Segment Start: DATA SUPPLIED

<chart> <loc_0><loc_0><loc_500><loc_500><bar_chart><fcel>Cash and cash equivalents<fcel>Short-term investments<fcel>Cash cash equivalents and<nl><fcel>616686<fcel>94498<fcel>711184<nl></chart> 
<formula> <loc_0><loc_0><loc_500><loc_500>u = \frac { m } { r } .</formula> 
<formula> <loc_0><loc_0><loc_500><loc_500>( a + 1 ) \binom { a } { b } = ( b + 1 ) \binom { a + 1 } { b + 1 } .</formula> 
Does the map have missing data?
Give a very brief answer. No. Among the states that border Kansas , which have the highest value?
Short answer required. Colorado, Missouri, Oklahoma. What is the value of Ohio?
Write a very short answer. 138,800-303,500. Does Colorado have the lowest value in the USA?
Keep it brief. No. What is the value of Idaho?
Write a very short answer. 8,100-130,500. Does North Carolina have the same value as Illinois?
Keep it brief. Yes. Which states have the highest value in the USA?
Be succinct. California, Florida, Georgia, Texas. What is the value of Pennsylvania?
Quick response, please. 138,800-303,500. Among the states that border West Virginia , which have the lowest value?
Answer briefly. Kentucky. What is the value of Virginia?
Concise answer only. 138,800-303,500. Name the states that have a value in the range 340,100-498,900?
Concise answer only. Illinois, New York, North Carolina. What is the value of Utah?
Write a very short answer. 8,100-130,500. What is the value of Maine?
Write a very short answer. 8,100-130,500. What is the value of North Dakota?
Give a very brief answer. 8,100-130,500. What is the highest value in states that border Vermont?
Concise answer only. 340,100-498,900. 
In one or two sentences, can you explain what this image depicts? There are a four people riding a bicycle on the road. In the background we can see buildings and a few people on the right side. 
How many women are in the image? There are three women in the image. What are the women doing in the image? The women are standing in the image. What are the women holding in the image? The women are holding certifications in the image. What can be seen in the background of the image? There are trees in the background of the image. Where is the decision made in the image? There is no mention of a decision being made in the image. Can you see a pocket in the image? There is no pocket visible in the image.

Segment End: DATA SUPPLIED

TASK REQUIREMENTS :: Using the data above, reproduce exactly the lines from the line that contains "Keep it brief. Yes." through the line that contains "Concise answer only. 340,100-498,900.", including both.

EXERCISE RESULT ::
Keep it brief. Yes. Which states have the highest value in the USA?
Be succinct. California, Florida, Georgia, Texas. What is the value of Pennsylvania?
Quick response, please. 138,800-303,500. Among the states that border West Virginia , which have the lowest value?
Answer briefly. Kentucky. What is the value of Virginia?
Concise answer only. 138,800-303,500. Name the states that have a value in the range 340,100-498,900?
Concise answer only. Illinois, New York, North Carolina. What is the value of Utah?
Write a very short answer. 8,100-130,500. What is the value of Maine?
Write a very short answer. 8,100-130,500. What is the value of North Dakota?
Give a very brief answer. 8,100-130,500. What is the highest value in states that border Vermont?
Concise answer only. 340,100-498,900. 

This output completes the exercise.